How to complete this task >>
From the entries below, return only the lines starting at the one that contains "blk = doc.blocks.new('Borders" and ending at the one that contains "msp = doc.modelspace()", exactly as they stand.

Data to use >>
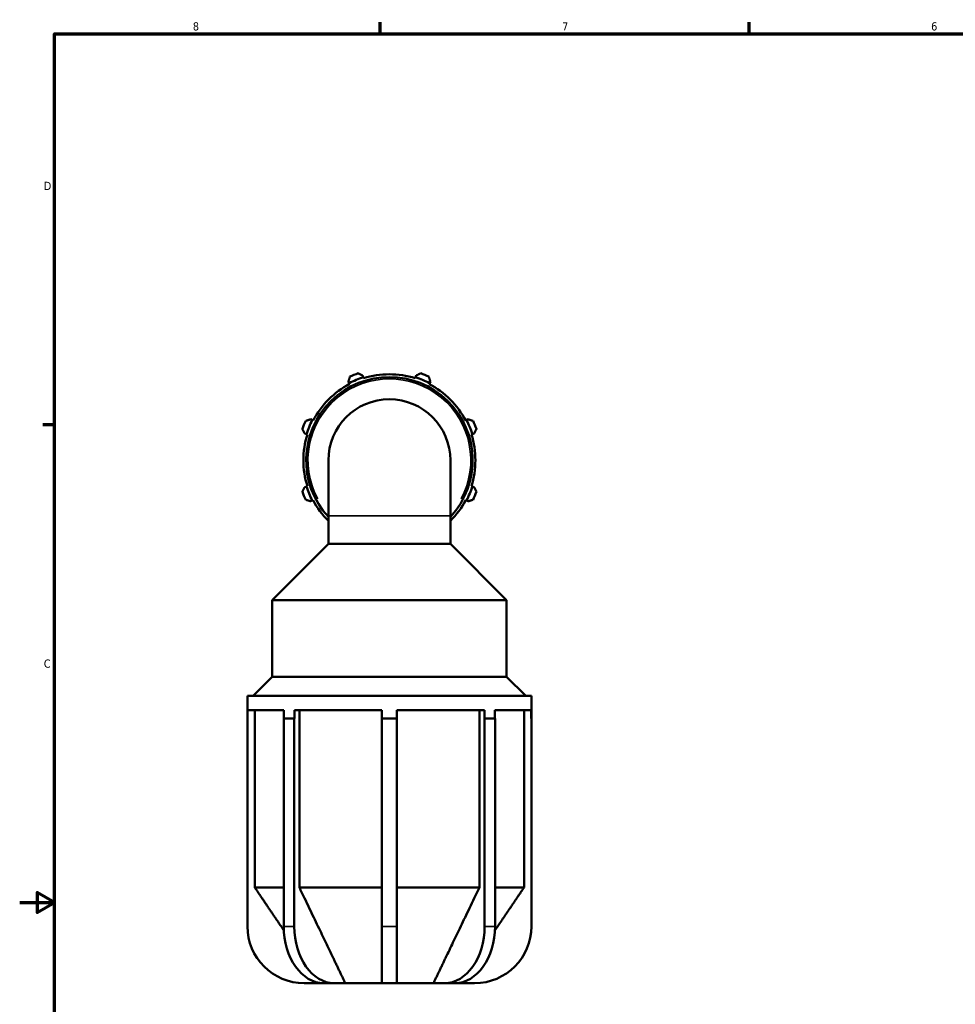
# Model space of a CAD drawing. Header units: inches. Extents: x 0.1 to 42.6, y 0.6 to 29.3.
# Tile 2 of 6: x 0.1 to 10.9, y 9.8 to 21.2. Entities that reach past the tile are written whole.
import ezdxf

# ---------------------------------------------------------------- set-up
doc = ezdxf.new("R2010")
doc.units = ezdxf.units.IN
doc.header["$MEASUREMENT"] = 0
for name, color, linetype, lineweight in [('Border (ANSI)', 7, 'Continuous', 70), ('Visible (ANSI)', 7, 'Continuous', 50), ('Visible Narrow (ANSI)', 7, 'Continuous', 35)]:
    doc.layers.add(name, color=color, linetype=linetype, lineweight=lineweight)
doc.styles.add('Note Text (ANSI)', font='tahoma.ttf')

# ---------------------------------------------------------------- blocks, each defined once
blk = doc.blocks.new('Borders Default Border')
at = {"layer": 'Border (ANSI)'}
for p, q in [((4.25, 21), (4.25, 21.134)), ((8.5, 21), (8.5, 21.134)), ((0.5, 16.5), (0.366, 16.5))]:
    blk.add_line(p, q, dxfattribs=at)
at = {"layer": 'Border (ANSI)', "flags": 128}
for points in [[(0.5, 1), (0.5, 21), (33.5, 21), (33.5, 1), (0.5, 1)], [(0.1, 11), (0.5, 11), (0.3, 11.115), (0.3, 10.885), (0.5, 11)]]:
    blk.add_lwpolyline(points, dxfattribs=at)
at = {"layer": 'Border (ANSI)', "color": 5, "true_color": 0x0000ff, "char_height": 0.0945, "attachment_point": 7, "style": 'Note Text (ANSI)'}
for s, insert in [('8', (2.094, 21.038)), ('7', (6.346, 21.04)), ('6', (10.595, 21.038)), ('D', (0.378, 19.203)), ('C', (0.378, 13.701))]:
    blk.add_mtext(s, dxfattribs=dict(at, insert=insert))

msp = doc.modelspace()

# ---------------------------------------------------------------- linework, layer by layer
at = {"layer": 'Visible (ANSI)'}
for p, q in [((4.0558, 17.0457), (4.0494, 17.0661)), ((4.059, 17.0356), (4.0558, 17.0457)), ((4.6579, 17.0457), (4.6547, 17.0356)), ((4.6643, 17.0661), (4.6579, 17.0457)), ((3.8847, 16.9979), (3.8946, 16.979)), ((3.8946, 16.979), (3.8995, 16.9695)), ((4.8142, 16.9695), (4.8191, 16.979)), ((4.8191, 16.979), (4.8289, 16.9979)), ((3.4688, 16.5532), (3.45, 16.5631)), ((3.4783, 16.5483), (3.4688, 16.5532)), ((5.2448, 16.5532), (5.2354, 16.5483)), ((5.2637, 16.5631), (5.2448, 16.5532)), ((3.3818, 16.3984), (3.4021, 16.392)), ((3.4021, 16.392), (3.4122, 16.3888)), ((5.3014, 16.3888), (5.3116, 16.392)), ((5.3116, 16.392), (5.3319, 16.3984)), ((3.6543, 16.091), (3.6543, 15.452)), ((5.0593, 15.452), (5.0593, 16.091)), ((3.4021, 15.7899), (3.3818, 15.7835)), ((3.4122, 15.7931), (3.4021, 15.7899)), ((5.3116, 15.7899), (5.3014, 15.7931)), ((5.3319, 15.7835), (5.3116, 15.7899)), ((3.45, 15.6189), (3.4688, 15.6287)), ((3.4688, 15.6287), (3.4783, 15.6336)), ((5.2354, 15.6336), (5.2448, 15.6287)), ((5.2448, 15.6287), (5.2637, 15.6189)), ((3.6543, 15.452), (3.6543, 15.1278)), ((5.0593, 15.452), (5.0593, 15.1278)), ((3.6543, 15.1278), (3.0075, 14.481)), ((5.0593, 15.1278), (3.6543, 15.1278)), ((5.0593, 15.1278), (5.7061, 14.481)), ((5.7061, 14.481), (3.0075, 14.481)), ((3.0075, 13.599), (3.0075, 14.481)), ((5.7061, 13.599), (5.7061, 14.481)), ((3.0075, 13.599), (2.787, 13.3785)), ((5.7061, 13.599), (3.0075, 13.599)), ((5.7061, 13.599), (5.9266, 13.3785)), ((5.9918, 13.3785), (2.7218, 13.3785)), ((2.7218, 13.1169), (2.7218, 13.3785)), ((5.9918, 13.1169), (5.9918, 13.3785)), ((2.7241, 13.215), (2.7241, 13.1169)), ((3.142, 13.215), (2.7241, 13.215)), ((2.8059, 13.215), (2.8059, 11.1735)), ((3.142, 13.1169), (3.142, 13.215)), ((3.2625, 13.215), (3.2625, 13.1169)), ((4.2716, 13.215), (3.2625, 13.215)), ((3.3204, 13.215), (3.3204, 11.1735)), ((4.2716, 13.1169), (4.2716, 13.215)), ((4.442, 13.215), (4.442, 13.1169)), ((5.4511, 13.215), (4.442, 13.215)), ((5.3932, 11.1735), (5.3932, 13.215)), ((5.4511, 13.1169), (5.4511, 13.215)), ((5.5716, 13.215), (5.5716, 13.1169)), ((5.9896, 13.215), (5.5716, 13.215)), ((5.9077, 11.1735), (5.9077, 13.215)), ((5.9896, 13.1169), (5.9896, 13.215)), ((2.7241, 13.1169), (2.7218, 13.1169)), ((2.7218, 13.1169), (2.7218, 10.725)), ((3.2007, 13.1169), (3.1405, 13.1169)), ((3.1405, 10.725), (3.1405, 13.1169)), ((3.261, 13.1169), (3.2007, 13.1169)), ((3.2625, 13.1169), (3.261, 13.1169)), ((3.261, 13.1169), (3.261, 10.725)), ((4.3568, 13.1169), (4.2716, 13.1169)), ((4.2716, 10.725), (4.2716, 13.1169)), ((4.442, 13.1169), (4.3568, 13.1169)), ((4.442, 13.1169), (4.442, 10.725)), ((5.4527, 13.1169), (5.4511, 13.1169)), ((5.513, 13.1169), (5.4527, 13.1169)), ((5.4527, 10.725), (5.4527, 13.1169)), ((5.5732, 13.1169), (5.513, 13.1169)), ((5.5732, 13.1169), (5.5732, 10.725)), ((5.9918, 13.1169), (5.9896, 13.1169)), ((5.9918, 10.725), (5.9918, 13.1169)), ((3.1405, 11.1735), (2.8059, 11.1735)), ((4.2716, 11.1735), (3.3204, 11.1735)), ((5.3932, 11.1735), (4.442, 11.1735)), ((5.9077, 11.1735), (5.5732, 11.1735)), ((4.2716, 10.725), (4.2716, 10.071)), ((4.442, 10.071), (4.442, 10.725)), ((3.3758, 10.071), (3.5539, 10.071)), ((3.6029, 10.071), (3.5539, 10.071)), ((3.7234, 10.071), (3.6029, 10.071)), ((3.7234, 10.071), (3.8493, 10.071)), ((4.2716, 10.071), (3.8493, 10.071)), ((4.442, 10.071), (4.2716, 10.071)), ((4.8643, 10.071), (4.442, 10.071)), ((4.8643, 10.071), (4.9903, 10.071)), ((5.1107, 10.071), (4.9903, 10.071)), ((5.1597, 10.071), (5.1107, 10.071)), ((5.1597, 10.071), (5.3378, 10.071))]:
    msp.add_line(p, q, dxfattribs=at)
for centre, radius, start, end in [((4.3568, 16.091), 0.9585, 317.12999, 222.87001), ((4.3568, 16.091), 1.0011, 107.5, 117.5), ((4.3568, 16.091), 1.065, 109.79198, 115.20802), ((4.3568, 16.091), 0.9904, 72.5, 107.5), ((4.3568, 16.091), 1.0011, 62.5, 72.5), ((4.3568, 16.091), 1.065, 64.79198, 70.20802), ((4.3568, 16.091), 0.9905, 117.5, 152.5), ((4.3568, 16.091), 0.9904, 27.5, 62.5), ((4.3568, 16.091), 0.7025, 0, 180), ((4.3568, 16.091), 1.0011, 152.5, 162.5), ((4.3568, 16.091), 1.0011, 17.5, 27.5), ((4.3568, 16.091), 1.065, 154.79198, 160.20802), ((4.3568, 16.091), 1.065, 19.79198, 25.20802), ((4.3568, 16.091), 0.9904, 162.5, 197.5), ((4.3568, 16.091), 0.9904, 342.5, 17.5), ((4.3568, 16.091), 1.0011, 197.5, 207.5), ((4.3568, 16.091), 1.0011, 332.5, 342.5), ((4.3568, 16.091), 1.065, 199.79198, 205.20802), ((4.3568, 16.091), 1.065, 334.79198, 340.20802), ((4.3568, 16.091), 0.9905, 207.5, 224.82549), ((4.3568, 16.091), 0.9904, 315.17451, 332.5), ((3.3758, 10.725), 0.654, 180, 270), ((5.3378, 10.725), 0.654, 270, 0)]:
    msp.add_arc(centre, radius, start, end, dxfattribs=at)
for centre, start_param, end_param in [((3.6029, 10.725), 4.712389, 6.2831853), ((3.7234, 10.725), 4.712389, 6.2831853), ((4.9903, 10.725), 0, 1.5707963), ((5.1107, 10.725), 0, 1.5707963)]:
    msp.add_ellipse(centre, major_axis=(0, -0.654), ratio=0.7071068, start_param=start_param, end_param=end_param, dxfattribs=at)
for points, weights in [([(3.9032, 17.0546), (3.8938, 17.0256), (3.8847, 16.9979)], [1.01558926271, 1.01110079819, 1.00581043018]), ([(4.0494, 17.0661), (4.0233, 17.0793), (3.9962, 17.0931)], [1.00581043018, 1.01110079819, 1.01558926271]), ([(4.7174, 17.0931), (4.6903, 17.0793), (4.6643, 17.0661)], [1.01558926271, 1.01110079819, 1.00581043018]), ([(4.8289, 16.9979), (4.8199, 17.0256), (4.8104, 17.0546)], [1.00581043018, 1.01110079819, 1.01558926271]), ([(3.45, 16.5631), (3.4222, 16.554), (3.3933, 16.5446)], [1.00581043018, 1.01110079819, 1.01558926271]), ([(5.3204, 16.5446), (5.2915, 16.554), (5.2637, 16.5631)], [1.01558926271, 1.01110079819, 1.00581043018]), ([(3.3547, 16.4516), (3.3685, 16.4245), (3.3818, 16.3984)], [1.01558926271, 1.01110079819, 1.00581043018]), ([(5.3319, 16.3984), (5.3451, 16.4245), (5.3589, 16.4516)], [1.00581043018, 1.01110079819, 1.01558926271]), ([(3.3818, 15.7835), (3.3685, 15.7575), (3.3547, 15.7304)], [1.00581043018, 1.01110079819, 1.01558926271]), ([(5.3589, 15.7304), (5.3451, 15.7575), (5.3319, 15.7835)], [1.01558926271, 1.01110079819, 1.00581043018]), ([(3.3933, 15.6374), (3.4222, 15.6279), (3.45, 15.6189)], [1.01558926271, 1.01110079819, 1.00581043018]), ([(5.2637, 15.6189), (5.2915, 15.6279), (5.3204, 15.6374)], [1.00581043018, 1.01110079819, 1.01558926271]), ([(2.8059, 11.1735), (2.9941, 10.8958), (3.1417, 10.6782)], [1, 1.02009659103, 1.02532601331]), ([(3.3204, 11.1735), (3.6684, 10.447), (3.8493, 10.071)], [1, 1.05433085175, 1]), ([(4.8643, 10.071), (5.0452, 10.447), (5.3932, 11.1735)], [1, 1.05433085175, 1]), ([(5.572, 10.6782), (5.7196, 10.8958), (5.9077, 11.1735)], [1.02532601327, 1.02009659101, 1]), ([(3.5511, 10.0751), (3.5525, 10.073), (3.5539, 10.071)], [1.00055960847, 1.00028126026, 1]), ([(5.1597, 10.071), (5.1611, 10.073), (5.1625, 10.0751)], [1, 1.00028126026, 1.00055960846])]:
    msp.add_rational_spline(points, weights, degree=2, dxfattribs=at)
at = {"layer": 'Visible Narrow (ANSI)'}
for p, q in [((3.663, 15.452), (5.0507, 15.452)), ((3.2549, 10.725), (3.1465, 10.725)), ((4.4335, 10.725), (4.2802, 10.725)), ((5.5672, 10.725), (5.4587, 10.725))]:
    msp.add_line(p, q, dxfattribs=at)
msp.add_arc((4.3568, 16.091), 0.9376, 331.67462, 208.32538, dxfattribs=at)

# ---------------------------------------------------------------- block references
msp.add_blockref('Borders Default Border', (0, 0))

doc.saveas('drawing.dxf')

Result of the task >>
blk = doc.blocks.new('Borders Default Border')
at = {"layer": 'Border (ANSI)'}
for p, q in [((4.25, 21), (4.25, 21.134)), ((8.5, 21), (8.5, 21.134)), ((0.5, 16.5), (0.366, 16.5))]:
    blk.add_line(p, q, dxfattribs=at)
at = {"layer": 'Border (ANSI)', "flags": 128}
for points in [[(0.5, 1), (0.5, 21), (33.5, 21), (33.5, 1), (0.5, 1)], [(0.1, 11), (0.5, 11), (0.3, 11.115), (0.3, 10.885), (0.5, 11)]]:
    blk.add_lwpolyline(points, dxfattribs=at)
at = {"layer": 'Border (ANSI)', "color": 5, "true_color": 0x0000ff, "char_height": 0.0945, "attachment_point": 7, "style": 'Note Text (ANSI)'}
for s, insert in [('8', (2.094, 21.038)), ('7', (6.346, 21.04)), ('6', (10.595, 21.038)), ('D', (0.378, 19.203)), ('C', (0.378, 13.701))]:
    blk.add_mtext(s, dxfattribs=dict(at, insert=insert))

msp = doc.modelspace()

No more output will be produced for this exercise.